De Rerum Natura
Lucretius
Lucretius. De Rerum Natura. William Ellery Leonard. E. P. Dutton. 1916.
- Again, since battle so fiercely one with other
- The four most mighty members the world,
- Aroused in an all unholy war,
- Seest not that there may be for them an end
- Of the long strife?- Or when the skiey sun
- And all the heat have won dominion o'er
- The sucked-up waters all?- And this they try
- Still to accomplish, though as yet they fail,-
- For so aboundingly the streams supply
- New store of waters that 'tis rather they
- Who menace the world with inundations vast
- From forth the unplumbed chasms of the sea.
- But vain- since winds (that over-sweep amain)
- And skiey sun (that with his rays dissolves)
- Do minish the level seas and trust their power
- To dry up all, before the waters can
- Arrive at the end of their endeavouring.
- Breathing such vasty warfare, they contend
- In balanced strife the one with other still
- Concerning mighty issues,- though indeed
- The fire was once the more victorious,
- And once- as goes the tale- the water won
- A kingdom in the fields. For fire o'ermastered
- And licked up many things and burnt away,
- What time the impetuous horses of the Sun
- Snatched Phaethon headlong from his skiey road
- Down the whole ether and over all the lands.
- But the omnipotent Father in keen wrath
- Then with the sudden smite of thunderbolt
- Did hurl the mighty-minded hero off
- Those horses to the earth. And Sol, his sire,
- Meeting him as he fell, caught up in hand
- The ever-blazing lampion of the world,
- And drave together the pell-mell horses there
- And yoked them all a-tremble, and amain,
- Steering them over along their own old road,
- Restored the cosmos,- as forsooth we hear
- From songs of ancient poets of the Greeks-
- A tale too far away from truth, meseems.

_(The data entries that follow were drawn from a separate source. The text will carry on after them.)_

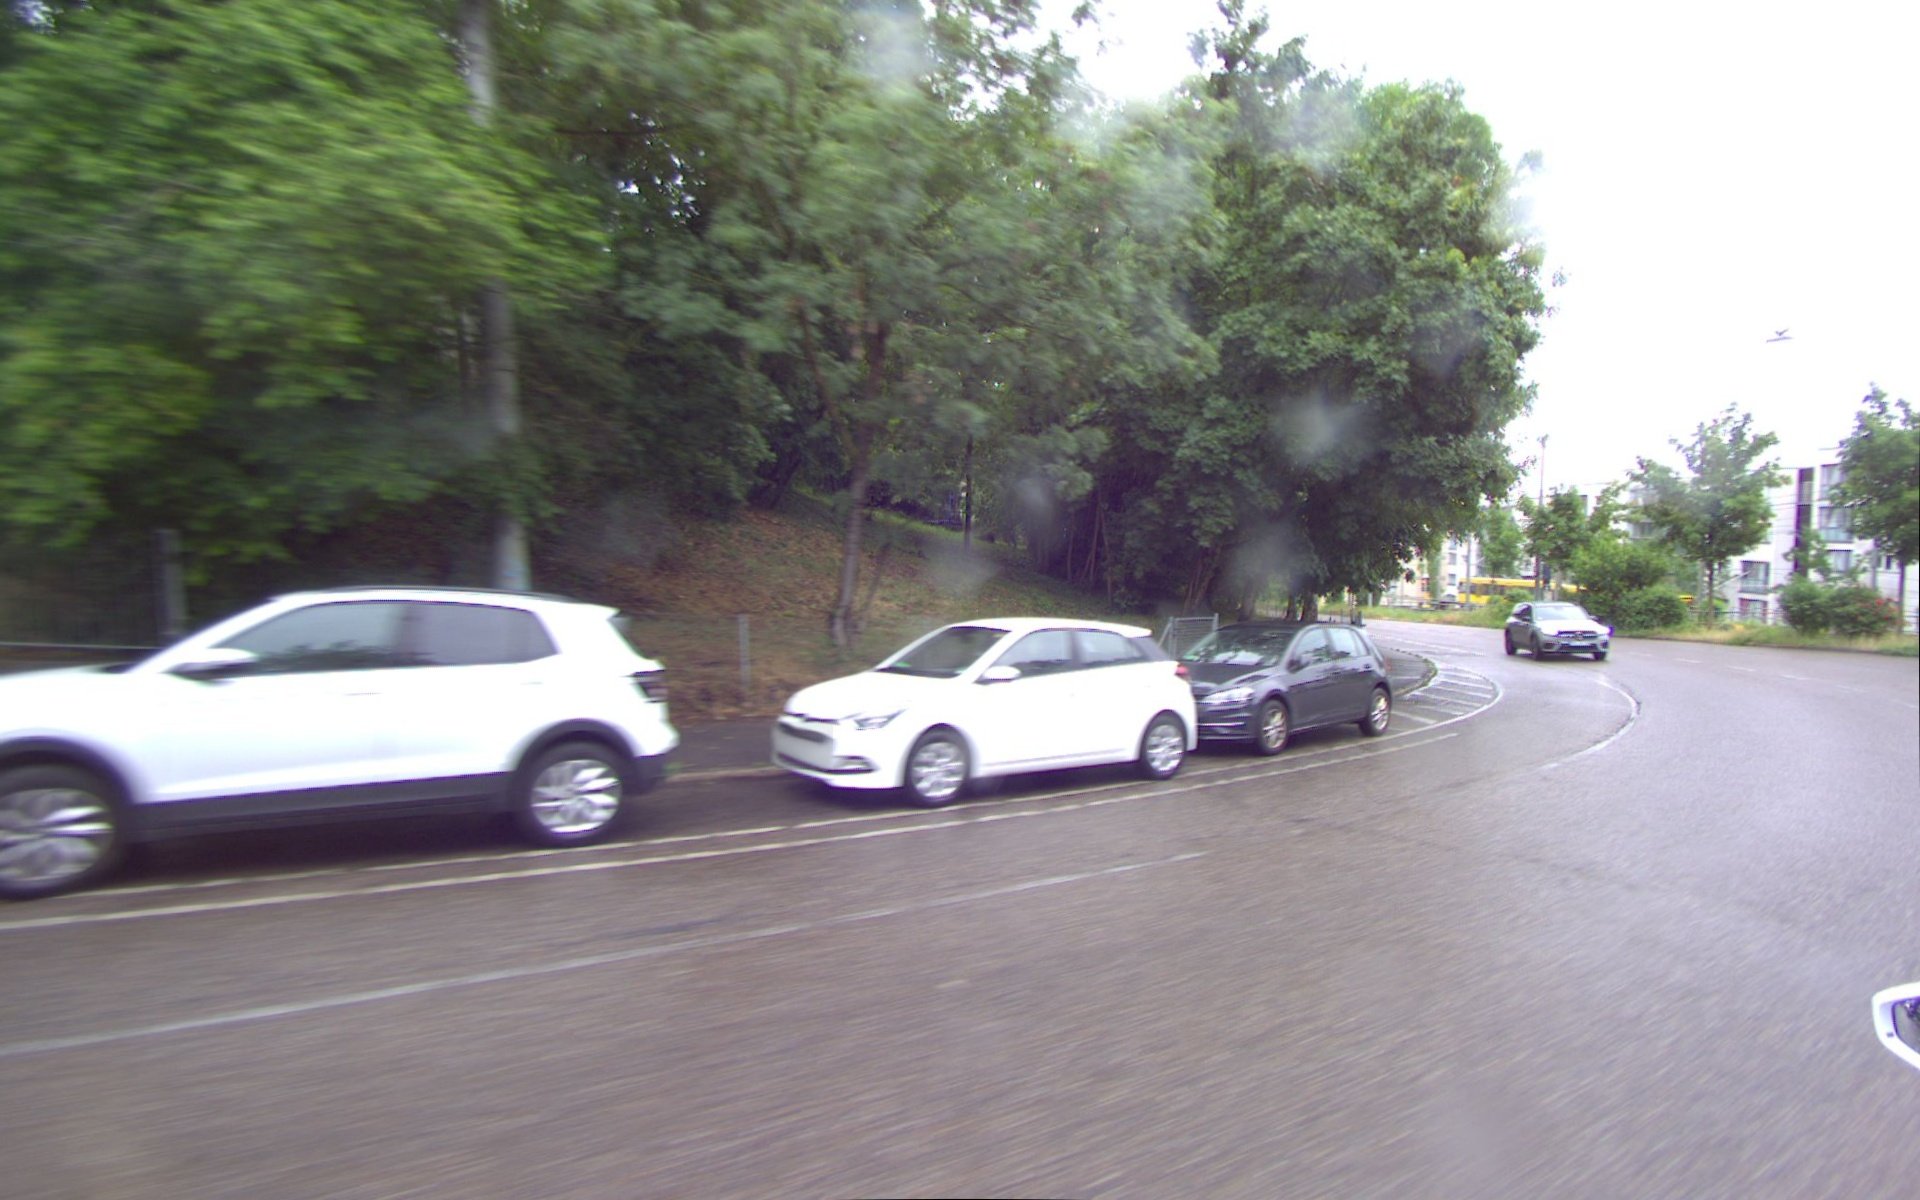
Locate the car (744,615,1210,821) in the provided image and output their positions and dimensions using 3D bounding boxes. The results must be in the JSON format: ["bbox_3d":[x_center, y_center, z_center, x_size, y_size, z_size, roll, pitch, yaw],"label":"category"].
[{"bbox_3d":[0.259,0.905,9.158,4.007,1.476,1.740,1,-1,-35],"label":"car"}]

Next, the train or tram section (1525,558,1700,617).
[{"bbox_3d":[50.124,-0.932,78.519,3.274,4.000,19.290,0,0,7],"label":"train or tram section"}]

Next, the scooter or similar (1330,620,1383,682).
[{"bbox_3d":[8.875,1.122,22.479,0.601,1.285,1.430,5,3,41],"label":"scooter or similar"}]

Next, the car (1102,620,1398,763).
[{"bbox_3d":[3.702,0.986,12.436,3.987,1.462,1.756,1,-1,-43],"label":"car"}]

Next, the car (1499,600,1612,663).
[{"bbox_3d":[17.704,0.880,30.095,1.787,1.692,4.311,-2,0,15],"label":"car"}]

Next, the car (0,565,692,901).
[{"bbox_3d":[-3.927,0.686,6.276,3.982,1.604,1.793,3,-1,-33],"label":"car"}]

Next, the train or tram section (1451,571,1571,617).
[{"bbox_3d":[52.295,-0.603,96.381,3.274,4.000,18.822,0,0,7],"label":"train or tram section"}]
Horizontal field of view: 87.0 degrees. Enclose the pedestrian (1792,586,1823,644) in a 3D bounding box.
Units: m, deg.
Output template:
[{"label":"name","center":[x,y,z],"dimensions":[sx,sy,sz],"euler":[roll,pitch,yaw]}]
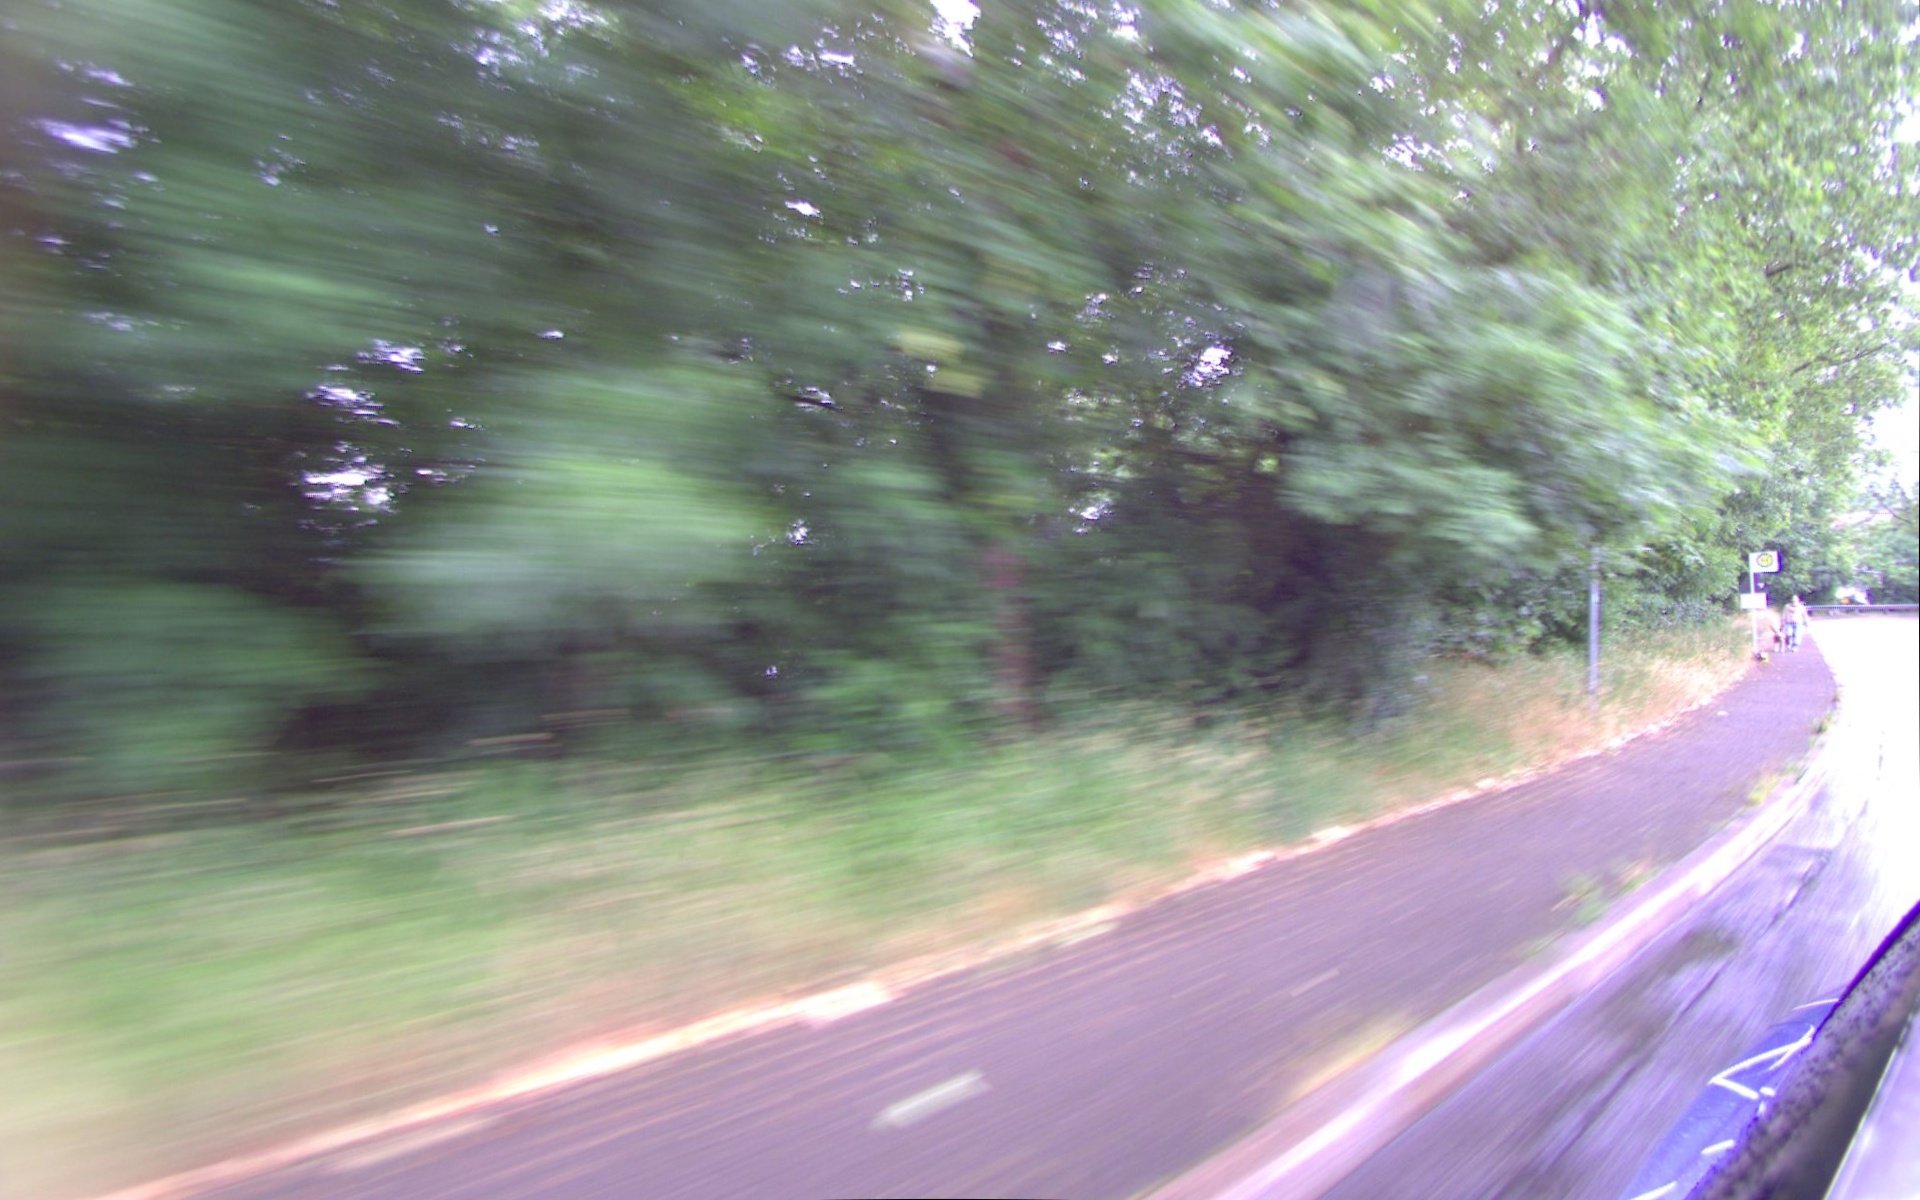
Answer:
[{"label":"pedestrian","center":[24.243,0.411,28.970],"dimensions":[0.641,1.631,0.660],"euler":[1,2,40]}]
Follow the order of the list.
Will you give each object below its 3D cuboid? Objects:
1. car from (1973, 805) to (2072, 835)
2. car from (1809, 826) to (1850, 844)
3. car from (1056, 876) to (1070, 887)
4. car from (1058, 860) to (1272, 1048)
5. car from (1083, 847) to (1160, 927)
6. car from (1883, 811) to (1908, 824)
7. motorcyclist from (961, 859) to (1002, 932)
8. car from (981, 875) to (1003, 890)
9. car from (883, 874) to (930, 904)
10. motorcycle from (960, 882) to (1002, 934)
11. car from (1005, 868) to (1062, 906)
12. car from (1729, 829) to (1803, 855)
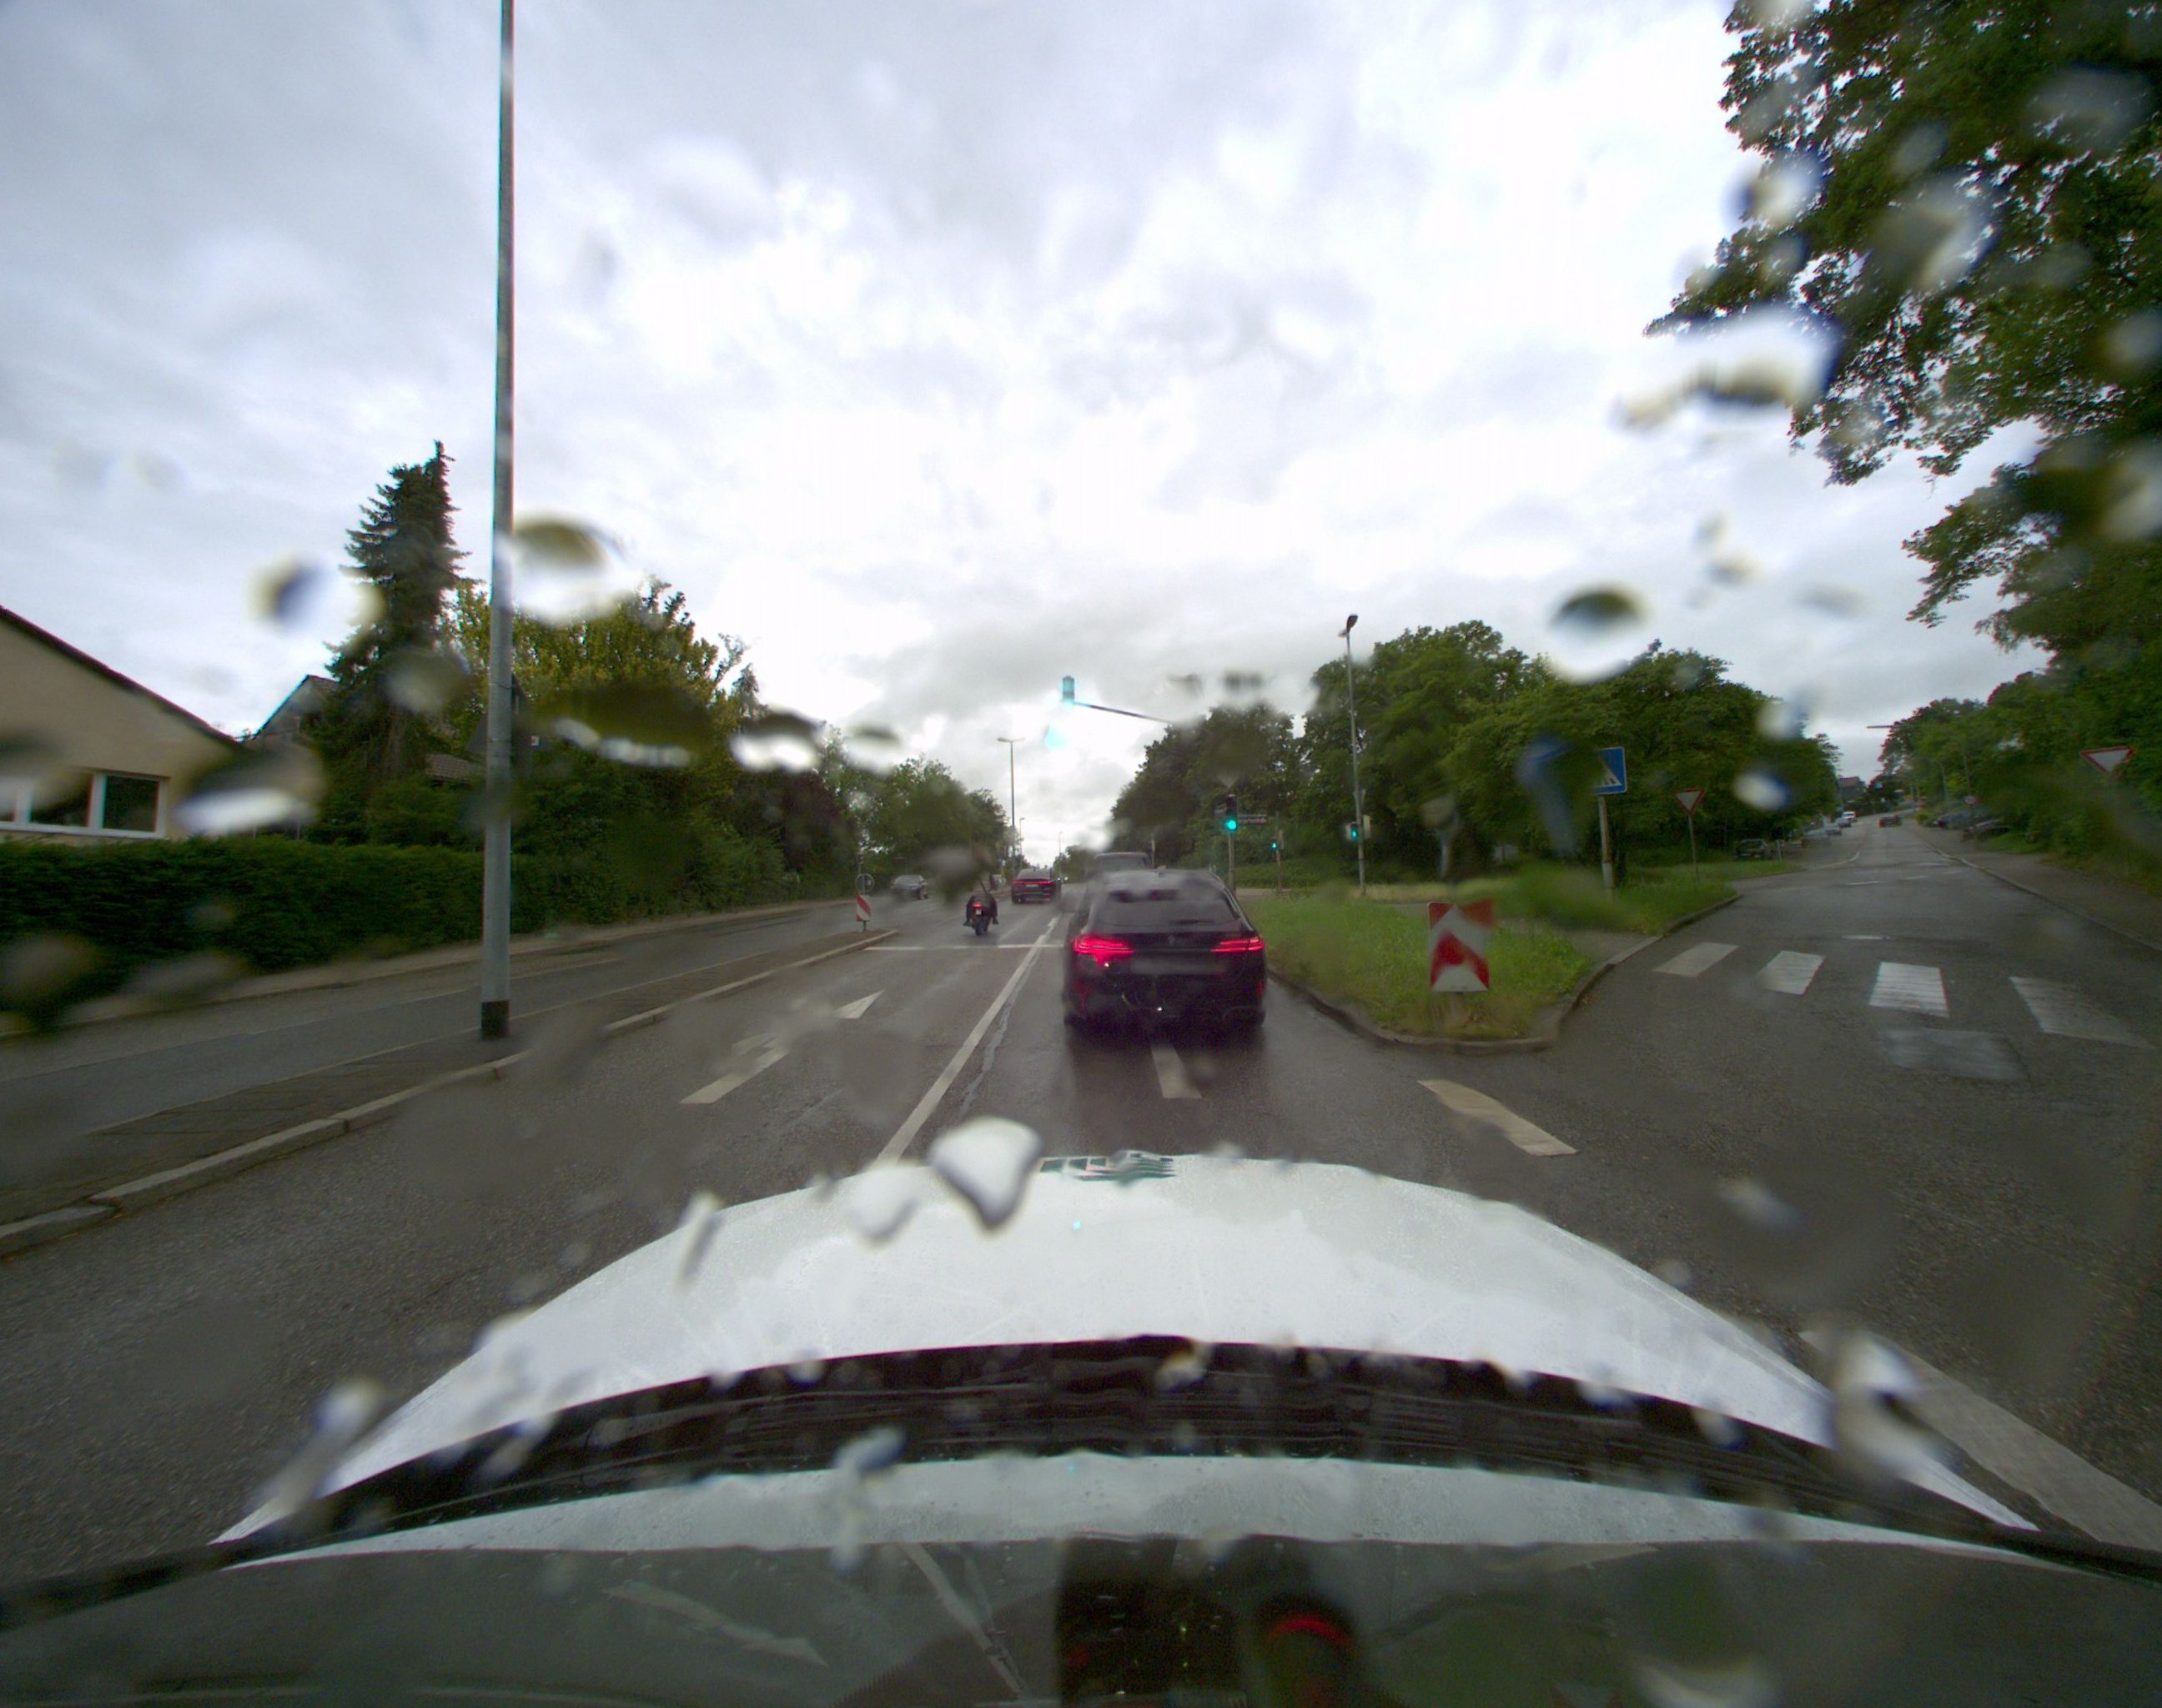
[{"bbox_3d":[60.339,-2.139,52.299,1.969,1.648,3.950,-1,-1,-45],"label":"car"},{"bbox_3d":[66.380,-1.645,72.215,4.014,1.446,1.686,0,-1,-32],"label":"car"},{"bbox_3d":[-2.848,4.394,129.970,2.018,1.563,3.877,-3,-1,1],"label":"car"},{"bbox_3d":[0.754,0.858,8.607,1.758,1.536,3.674,-1,-1,2],"label":"car"},{"bbox_3d":[0.994,0.763,20.716,1.760,1.810,3.907,-1,0,2],"label":"car"},{"bbox_3d":[106.740,-4.792,106.781,1.921,1.458,4.242,-1,-1,41],"label":"car"},{"bbox_3d":[-2.293,0.947,18.837,0.842,1.647,0.468,-1,-1,1],"label":"motorcyclist"},{"bbox_3d":[-9.674,3.053,88.621,1.722,1.485,4.157,-3,-1,1],"label":"car"},{"bbox_3d":[-9.648,1.906,45.354,1.858,1.492,3.829,-3,-1,-3],"label":"car"},{"bbox_3d":[-2.293,1.217,18.803,0.738,1.119,1.427,-1,-1,2],"label":"motorcycle"},{"bbox_3d":[-1.954,1.358,34.686,2.007,1.415,4.488,-1,0,2],"label":"car"},{"bbox_3d":[45.988,-0.820,54.729,3.994,1.571,1.819,-2,-1,-15],"label":"car"}]

- For fire can win when from the infinite
- Has risen a larger throng of particles
- Of fiery stuff; and then its powers succumb,
- Somehow subdued again, or else at last
- It shrivels in torrid atmospheres the world.
- And whilom water too began to win-
- As goes the story- when it overwhelmed
- The lives of men with billows; and thereafter,
- When all that force of water-stuff which forth
- From out the infinite had risen up
- Did now retire, as somehow turned aside,
- The rain-storms stopped, and streams their fury checked.